* Assigned task
Whenever the string "width" turns up in a line below, that line should be copied.

* Records shown
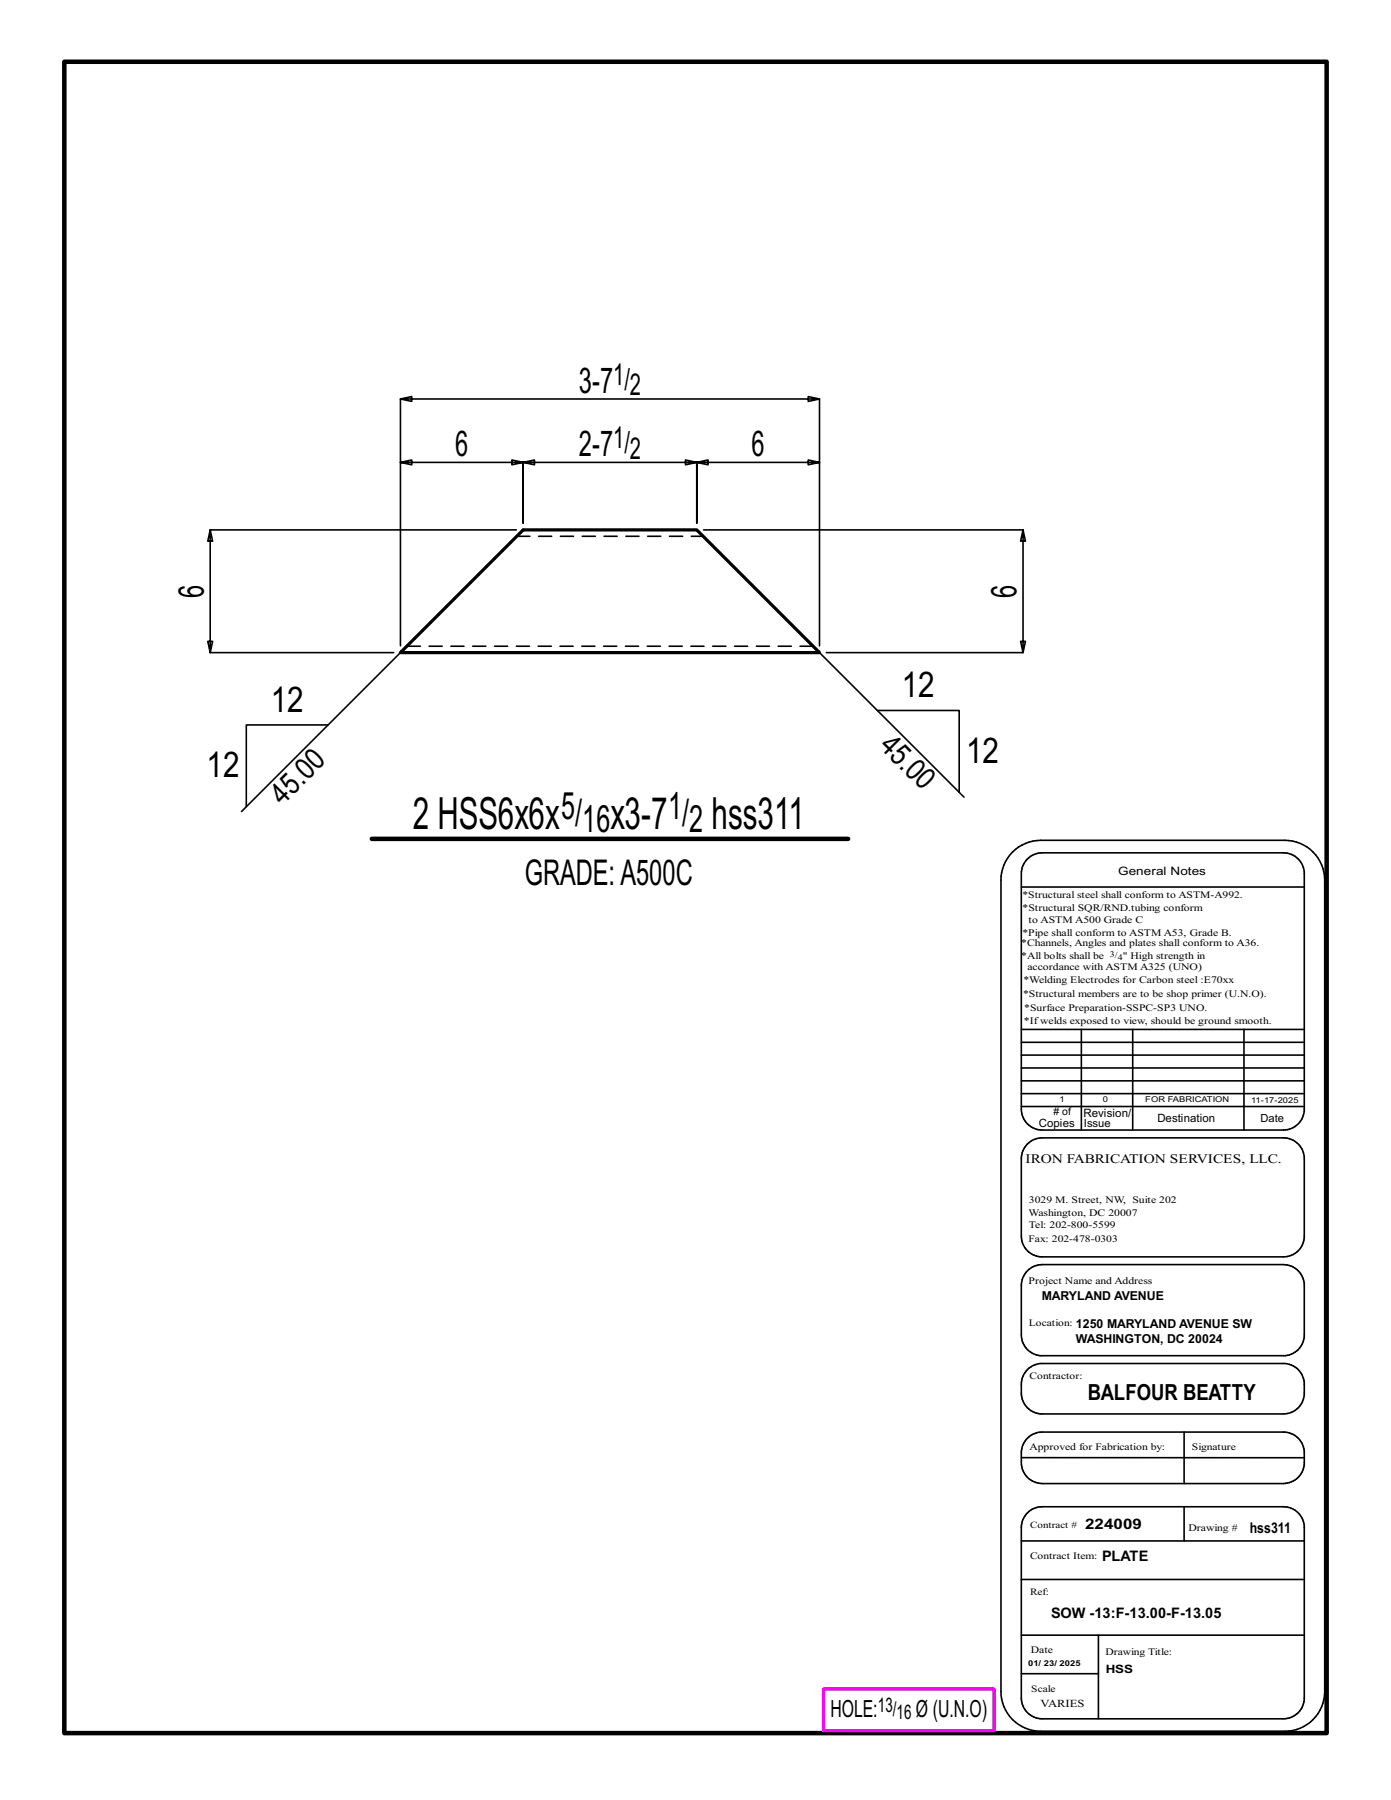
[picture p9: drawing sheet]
<svg xmlns="http://www.w3.org/2000/svg" width="216mm" height="279mm" viewBox="0 0 216 279" stroke-linecap="round" stroke-linejoin="round" font-family="sans-serif">
<defs><g id="words">
<g font-size="6.9">
<text x="64.1" y="128.7">2 HSS6x6x</text>
<text x="94.7" y="128.7">x3-7</text>
<text x="110.4" y="128.7">hss311</text>
</g>
<g font-size="5.9">
<text x="87.1" y="127.1">5/</text>
<text x="90.4" y="129.2">16</text>
<text x="103.7" y="127.1">1/</text>
<text x="107" y="129.2">2</text>
</g>
<g font-size="5.5">
<text x="89.8" y="60.9">3-7</text>
<text x="70.7" y="70.8">6</text>
<text x="89.8" y="70.8">2-7</text>
<text x="116.6" y="70.8">6</text>
<text x="31.6" y="92.8" transform="rotate(-90 31.6 92.8)">6</text>
<text x="157.8" y="92.8" transform="rotate(-90 157.8 92.8)">6</text>
<text x="42" y="110.5">12</text>
<text x="140" y="108.2">12</text>
<text x="149.9" y="118.4">12</text>
<text x="32" y="120.7">12</text>
<text x="81.5" y="137.4">GRADE:A500C</text>
</g>
<g font-size="4.7">
<text x="95.2" y="59.7">1/</text>
<text x="97.8" y="61.4">2</text>
<text x="95.2" y="69.5">1/</text>
<text x="97.8" y="71.2">2</text>
<text x="136.3" y="115.9" transform="rotate(45 136.3 115.9)">45.0</text>
<text x="43.8" y="125.1" transform="rotate(-45 43.8 125.1)">45.0</text>
</g>
<g font-size="3.7">
<text x="128.9" y="266.6">HOLE:</text>
<text x="142.2" y="266.6">Ø (U.N.O)</text>
</g>
<text font-size="3.4" x="168.8" y="217.4">BALFOUR BEATTY</text>
<g font-size="3.1">
<text x="136.3" y="265.8">13/</text>
<text x="139.2" y="266.9">16</text>
</g>
<g font-size="2.3">
<text x="168.4" y="237.3">224009</text>
<text x="194" y="238">hss311</text>
<text x="171" y="242.3">PLATE</text>
<text x="163.1" y="251.2">SOW -13:F-13.00-F-13.05</text>
</g>
<text font-size="2" x="159.2" y="180.5">IRON FABRICATION SERVICES, LLC.</text>
<g font-size="1.9">
<text x="161.7" y="201.8">MARYLAND AVENUE</text>
<text x="167" y="208.5">WASHINGTON, DC 20024</text>
<text x="167" y="206.1">1250 MARYLAND AVENUE SW</text>
</g>
<g font-size="1.8">
<text x="173.6" y="135.8">General Notes</text>
<text x="168.2" y="173.3">Revision/</text>
<text x="161.2" y="174.9">Copies</text>
<text x="179.6" y="174.2">Destination</text>
<text x="171.6" y="259.7">HSS</text>
</g>
<g font-size="1.7">
<text x="168.2" y="174.9">Issue</text>
<text x="195.7" y="174.2">Date</text>
<text x="161.5" y="265">VARIES</text>
</g>
<g font-size="1.6">
<text x="158.7" y="141.5">*Structural SQR/RND.tubing conform</text>
<text x="159.7" y="143.3">to ASTM A500 Grade C</text>
<text x="158.5" y="146.9">*Channels, Angles and plates shall conform to A36.</text>
<text x="158.5" y="148.8">*All bolts shall be</text>
<text x="158.7" y="145.2">*Pipe shall conform to ASTM A53, Grade B.</text>
<text x="174.3" y="148.8">&quot; High strength in</text>
<text x="158.8" y="154.8">*Structural members are to be shop primer (U.N.O).</text>
<text x="158.9" y="152.7">*Welding Electrodes for Carbon steel :E70xx</text>
<text x="159.5" y="150.6">accordance with ASTM A325 (UNO)</text>
<text x="158.9" y="158.9">*Ifwelds exposed to view, should be ground smooth.</text>
<text x="159" y="157">*Surface Preparation-SSPC-SP3 UNO.</text>
<text x="163.5" y="173.1"># of</text>
<text x="159.7" y="188.7">Washington, DC 20007</text>
<text x="159.7" y="190.6">Tel: 202-800-5599</text>
<text x="159.7" y="186.8">3029 M. Street, NW, Suite 202</text>
<text x="159.7" y="199.3">Project Name and Address</text>
<text x="159.8" y="225.1">Approved for Fabrication by:</text>
<text x="184.5" y="237.6">Drawing #</text>
<text x="160" y="256.6">Date</text>
</g>
<g font-size="1.5">
<text x="158.7" y="139.4">*Structural steel shall conform to ASTM-A992.</text>
<text x="159.7" y="192.7">Fax: 202-478-0303</text>
<text x="159.7" y="205.8">Location:</text>
<text x="159.8" y="214">Contractor:</text>
<text x="185" y="225.1">Signature</text>
<text x="159.9" y="237.1">Contract #</text>
<text x="159.9" y="241.9">Contract Item:</text>
<text x="159.9" y="247.6">Ref:</text>
<text x="171.6" y="256.9">Drawing Title:</text>
<text x="160.1" y="262.7">Scale</text>
</g>
<g font-size="1.3">
<text x="172.3" y="148.5">3/</text>
<text x="173.5" y="149">4</text>
</g>
<g font-size="1.2">
<text x="164.5" y="171.1">1</text>
<text x="171.2" y="171.1">0</text>
<text x="177.8" y="171.1">FOR FABRICATION</text>
<text x="194.2" y="171.2">11-17-2025</text>
<text x="159.6" y="258.7">01/ 23/ 2025</text>
</g>
</g></defs>
<g fill="none" stroke="#000" stroke-width=".25">
<path d="M62.2 71.8v-9.9l1.7 .4v-.7l-1.7 .3h65l-1.8 .4v-.7l1.8 .3v9.9M80.1 82.3h-47.5l-.3 1.7h.7l-.4-1.7v19l-.3-1.7h.7l-.4 1.7h28.5M109.2 82.3h49.6l-.4 1.7h.8l-.4-1.7v19l-.4-1.7h.8l-.4 1.7h-30.5M50.9 112.5h-12.7v12.7M62.2 101.3l-24.7 24.7M62.2 100.2v-28.4l1.7 .3v-.7l-1.7 .4h19l-1.7 .3v-.7l1.7 .4v9.4v-9.4l1.8 .3v-.7l-1.8 .4h26.9l-1.7 .3v-.7l1.7 .4v9.4v-9.4l1.8 .3v-.7l-1.8 .4h19.1l-1.8 .3v-.7l1.8 .4v28.4M127.2 101.3l22.4 22.4M136.2 110.3h12.7v12.7M157.2 132.3a6.3 6.3 0 0 1 4.3-1.9h37.9a6.2 6.2 0 0 1 6.2 6.2v126a6.2 6.2 0 0 1-6.2 6.1h-37.9a6.1 6.1 0 0 1-6.1-6.1v-126a6.1 6.1 0 0 1 1.8-4.3zM158.5 137.7h43.9M159.5 133.3a3.3 3.3 0 0 1 2.3-.9h37.4a3.3 3.3 0 0 1 3.2 2.9v37.2a3.2 3.2 0 0 1-3.2 2.9h-37.4a3.2 3.2 0 0 1-3.3-3.2v-36.6a3.2 3.2 0 0 1 1-2.3zM158.5 159.8h43.9"/>
<path d="M167.8 159.8v15.6M175.8 159.8v15.6M193.1 159.8v15.6M158.5 165.8h43.9M158.5 167.8h43.9M158.5 163.8h43.9M158.5 161.8h43.9M158.5 171.8h43.9M158.5 169.8h43.9M159.5 177.6a3.3 3.3 0 0 1 2.3-1h37.4a3.3 3.3 0 0 1 3.2 3v12.6a3.3 3.3 0 0 1-3.2 2.9h-37.4a3.2 3.2 0 0 1-3.3-3.2v-12a3.2 3.2 0 0 1 1-2.3zM159.5 197.2l1-.7 1.3-.2h37.4a3.3 3.3 0 0 1 3.2 2.9v8.3a3.2 3.2 0 0 1-2.9 2.9h-38.1a3.3 3.3 0 0 1-2.9-3.2v-8l.3-.9zM159.5 212.6l.7-.6 1.2-.4h37.8a3.2 3.2 0 0 1 3.2 3v2a3.3 3.3 0 0 1-3.2 2.9h-37.4a3.2 3.2 0 0 1-3.3-3.3v-1.3a3.3 3.3 0 0 1 1-2.3z"/>
<path d="M158.5 239.2h43.9M158.5 226.3h43.9M159.5 234.8a3.3 3.3 0 0 1 2.3-.9h37.4a3.3 3.3 0 0 1 3.2 2.9v27.1a3.3 3.3 0 0 1-3.2 2.9h-37.4a3.2 3.2 0 0 1-3.3-3.2v-26.5a3.2 3.2 0 0 1 1-2.3zM159.5 223.2a3.3 3.3 0 0 1 2.3-.9h37.4a3.3 3.3 0 0 1 3.2 2.9v2.1a3.3 3.3 0 0 1-3.2 3h-37.4a3.3 3.3 0 0 1-3.3-3.3v-1.5a3.2 3.2 0 0 1 1-2.3zM183.8 222.3v8M183.8 233.9v5.3M158.5 245.2h43.9M158.5 259.8h12M158.5 253.8h43.9M170.5 253.8v13"/>
</g>
<path d="M10 9.6h195.9v259.4h-195.9zM57.7 130.2h73.9" fill="none" stroke="#000" stroke-width=".7"/>
<path d="M127.8 262.2h26.5v6.4h-26.5z" fill="none" stroke="#f0f" stroke-width=".5"/>
<path d="M62.3 101.2l18.9-18.9h26.9l19.1 19h-65z" fill="none" stroke="#000" stroke-width=".5"/>
<path d="M80.2 83.2h28.9M108.3 82.4h.1M126.2 100.3h-63.1M126.6 100.7h.1M127 101.1v.1" fill="none" stroke="#000" stroke-width=".25" stroke-dasharray="2 1.4"/>
<use href="#words"/>
</svg>

* Answer section
<svg xmlns="http://www.w3.org/2000/svg" width="216mm" height="279mm" viewBox="0 0 216 279" stroke-linecap="round" stroke-linejoin="round" font-family="sans-serif">
<g fill="none" stroke="#000" stroke-width=".25">
<path d="M10 9.6h195.9v259.4h-195.9zM57.7 130.2h73.9" fill="none" stroke="#000" stroke-width=".7"/>
<path d="M127.8 262.2h26.5v6.4h-26.5z" fill="none" stroke="#f0f" stroke-width=".5"/>
<path d="M62.3 101.2l18.9-18.9h26.9l19.1 19h-65z" fill="none" stroke="#000" stroke-width=".5"/>
<path d="M80.2 83.2h28.9M108.3 82.4h.1M126.2 100.3h-63.1M126.6 100.7h.1M127 101.1v.1" fill="none" stroke="#000" stroke-width=".25" stroke-dasharray="2 1.4"/>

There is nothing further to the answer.